*STORED DATA*.

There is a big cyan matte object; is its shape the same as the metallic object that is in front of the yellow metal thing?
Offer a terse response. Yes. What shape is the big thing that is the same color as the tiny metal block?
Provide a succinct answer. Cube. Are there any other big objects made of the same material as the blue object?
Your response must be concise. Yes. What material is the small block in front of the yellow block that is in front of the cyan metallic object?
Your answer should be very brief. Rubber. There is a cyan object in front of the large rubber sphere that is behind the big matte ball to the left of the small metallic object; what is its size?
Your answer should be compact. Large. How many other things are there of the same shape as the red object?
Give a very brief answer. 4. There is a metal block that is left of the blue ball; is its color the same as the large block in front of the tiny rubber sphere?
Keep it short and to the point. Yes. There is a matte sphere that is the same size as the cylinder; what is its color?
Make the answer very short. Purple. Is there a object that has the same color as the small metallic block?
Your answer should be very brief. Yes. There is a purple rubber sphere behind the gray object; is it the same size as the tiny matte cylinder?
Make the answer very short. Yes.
...
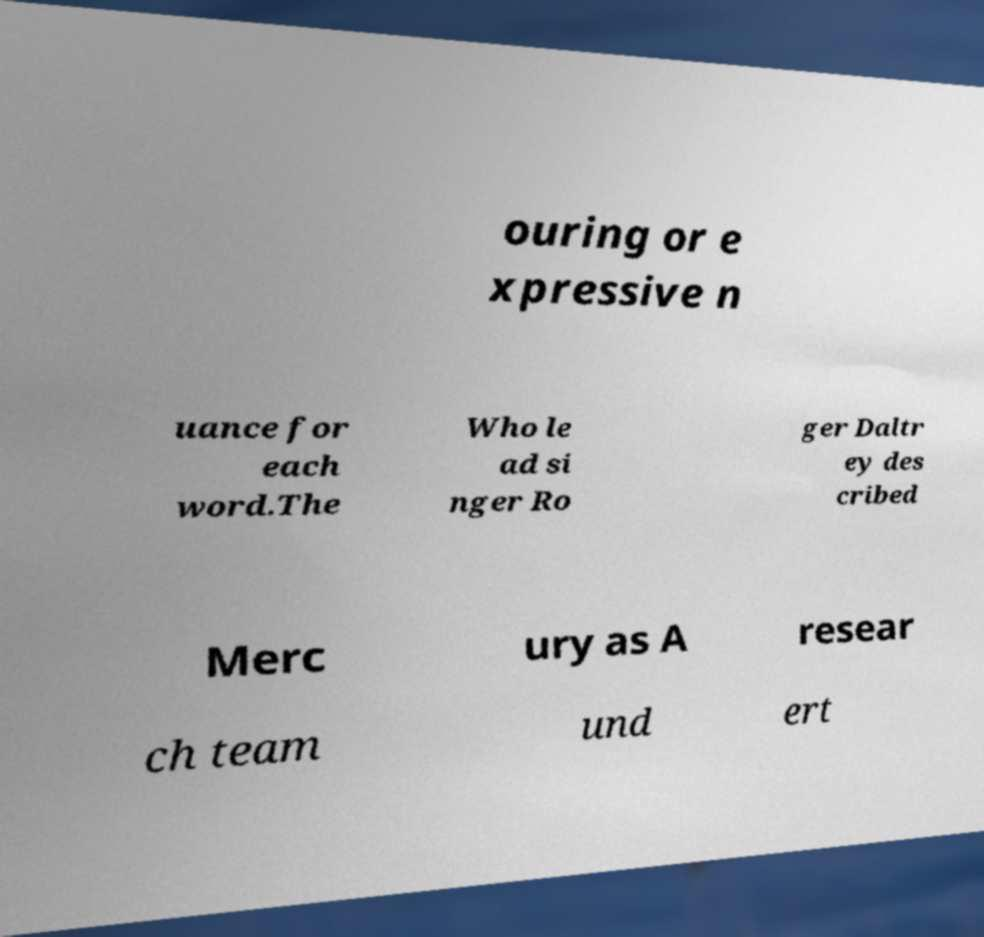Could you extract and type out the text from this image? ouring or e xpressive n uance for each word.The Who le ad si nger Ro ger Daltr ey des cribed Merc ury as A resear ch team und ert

*TASK OBJECTIVE*. Copy all lines from the material that contain "ball".

*SOLUTION*.
Your answer should be very brief. Rubber. There is a cyan object in front of the large rubber sphere that is behind the big matte ball to the left of the small metallic object; what is its size?
Give a very brief answer. 4. There is a metal block that is left of the blue ball; is its color the same as the large block in front of the tiny rubber sphere?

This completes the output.